BEGIN Excerpted data
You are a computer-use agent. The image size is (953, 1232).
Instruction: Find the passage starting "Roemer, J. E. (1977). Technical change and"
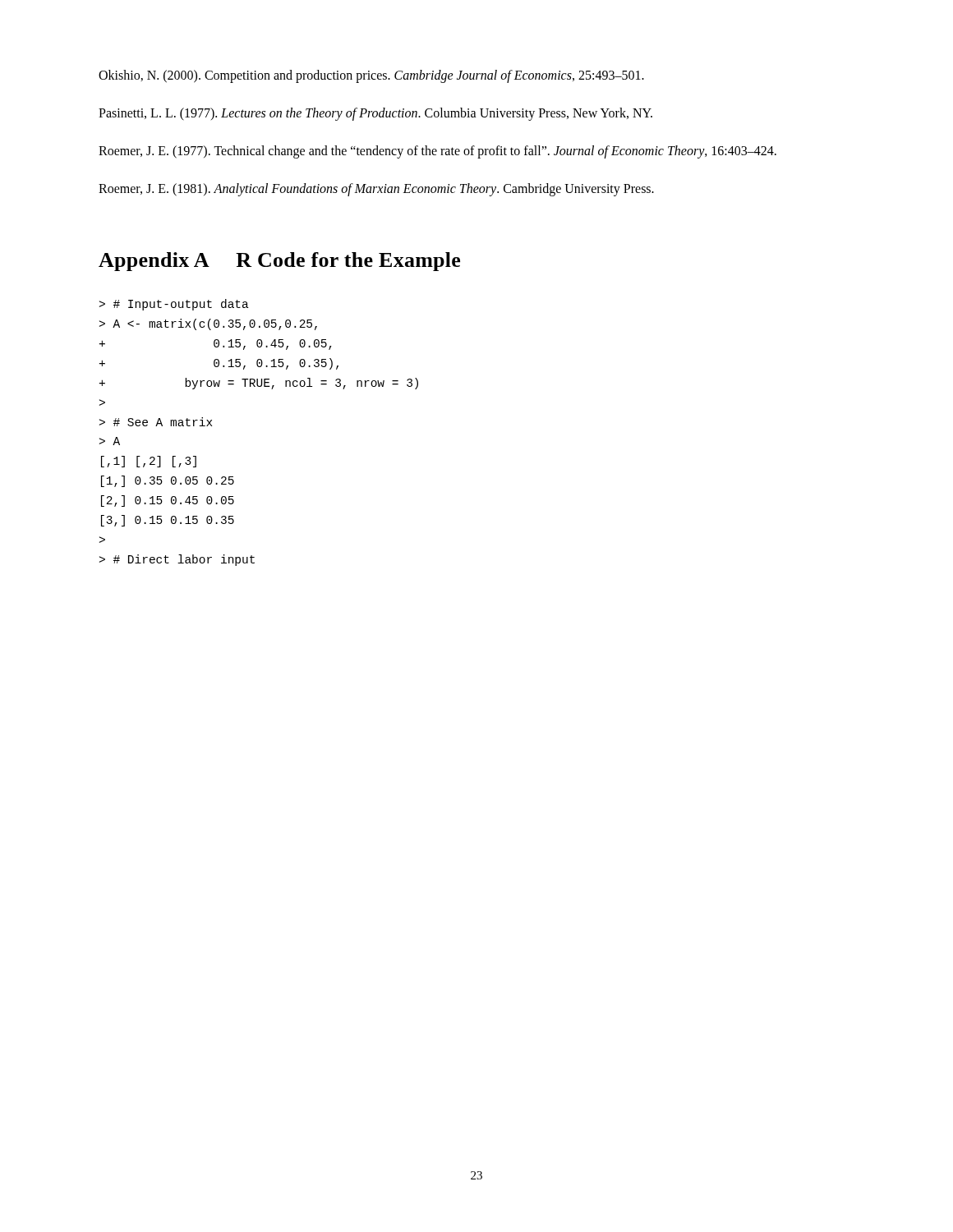pos(438,151)
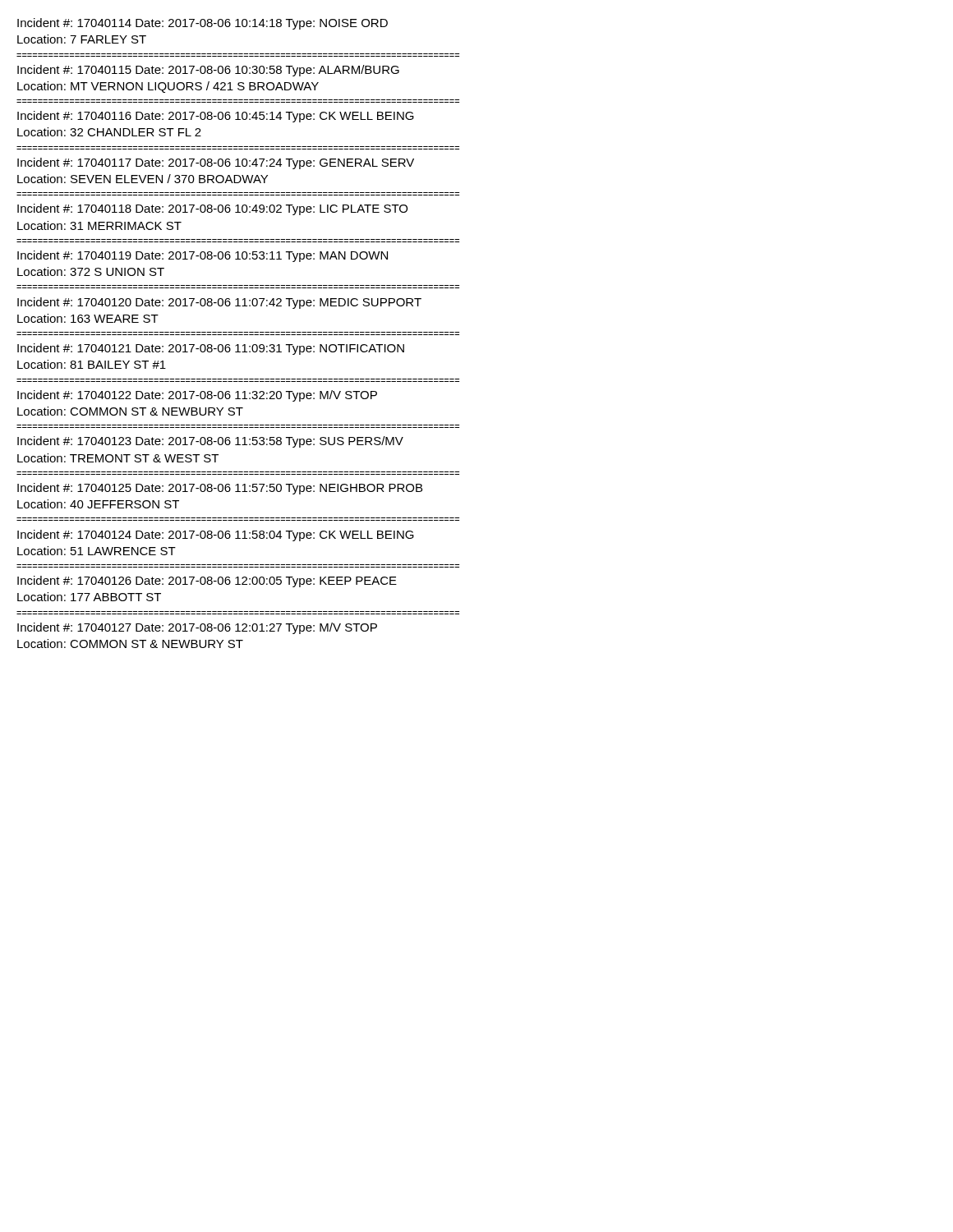Locate the text starting "Incident #: 17040122 Date: 2017-08-06"
This screenshot has width=953, height=1232.
(197, 396)
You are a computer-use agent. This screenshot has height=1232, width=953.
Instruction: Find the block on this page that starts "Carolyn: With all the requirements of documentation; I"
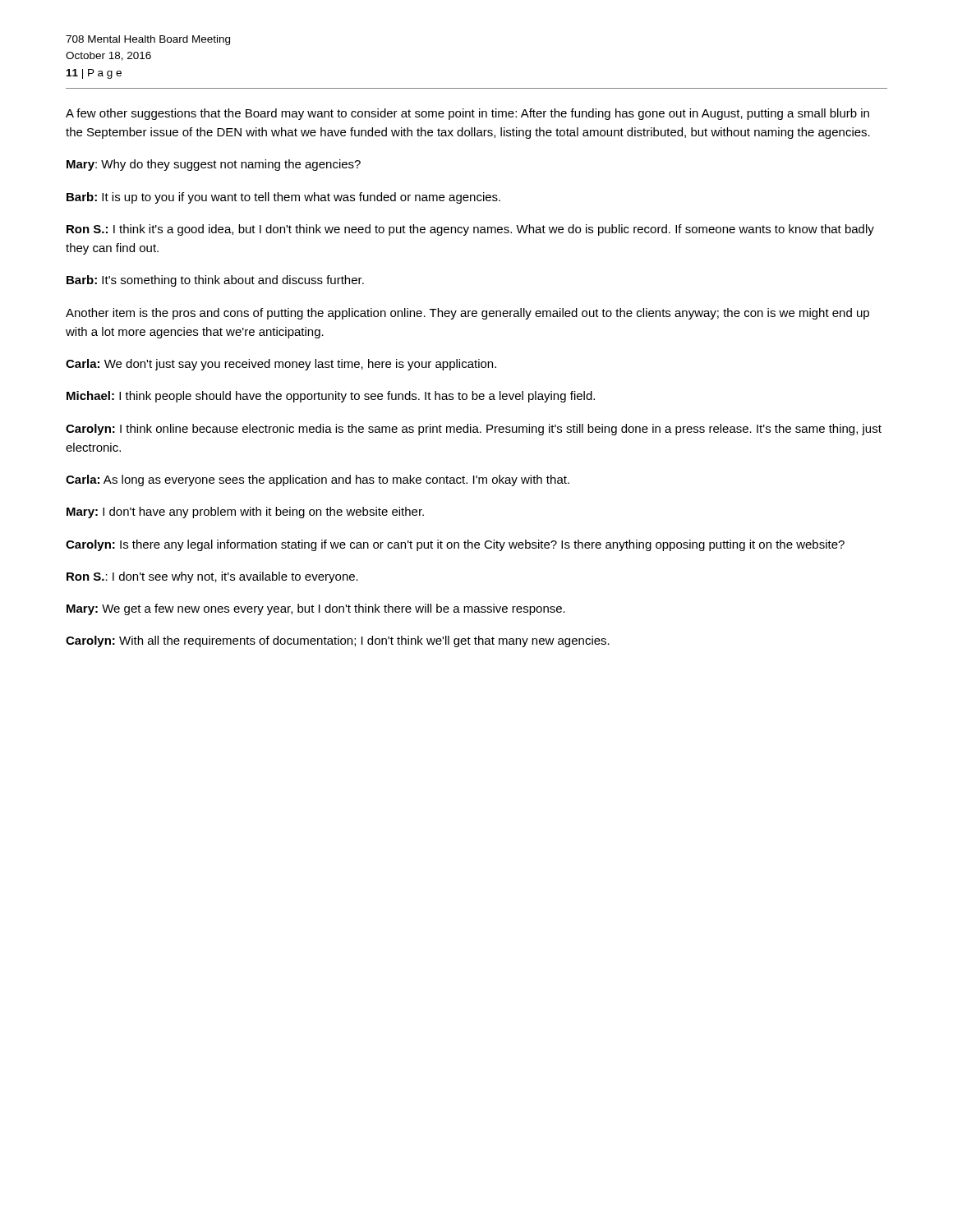click(338, 640)
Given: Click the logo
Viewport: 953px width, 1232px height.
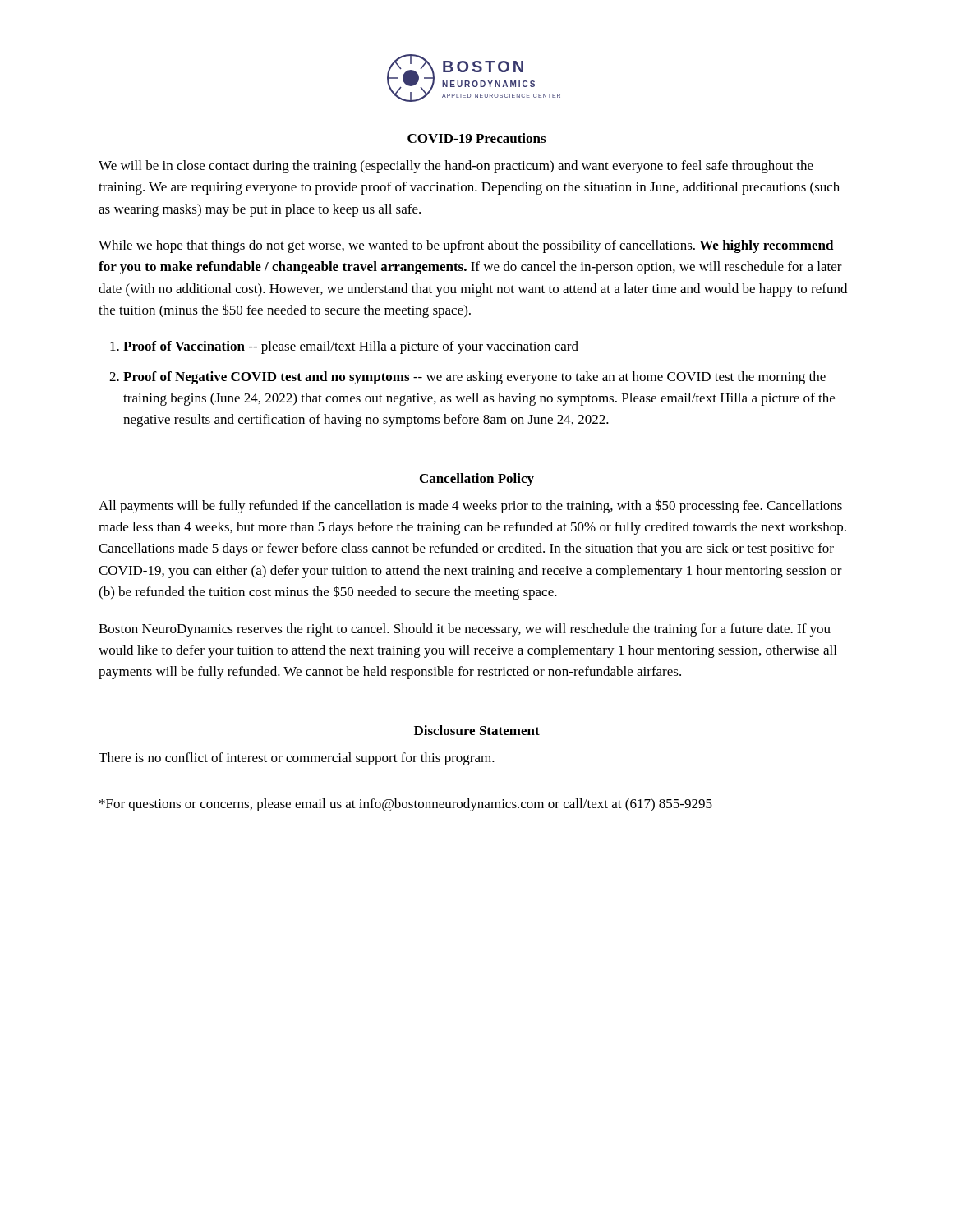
END Excerpted data
_Work to complete_:
Restating the data word for word is the task, and pictures are to be omitted.

_Answer below_:
You are a computer-use agent. The image size is (953, 1232).
Instruction: Find the passage starting "Roemer, J. E. (1977). Technical change and"
pos(438,151)
Locate the text starting "Incident #: 17040122 Date: 2017-08-06"
This screenshot has width=953, height=1232.
(197, 396)
You are a computer-use agent. This screenshot has height=1232, width=953.
Instruction: Find the block on this page that starts "Carolyn: With all the requirements of documentation; I"
click(338, 640)
Given: Click the logo
Viewport: 953px width, 1232px height.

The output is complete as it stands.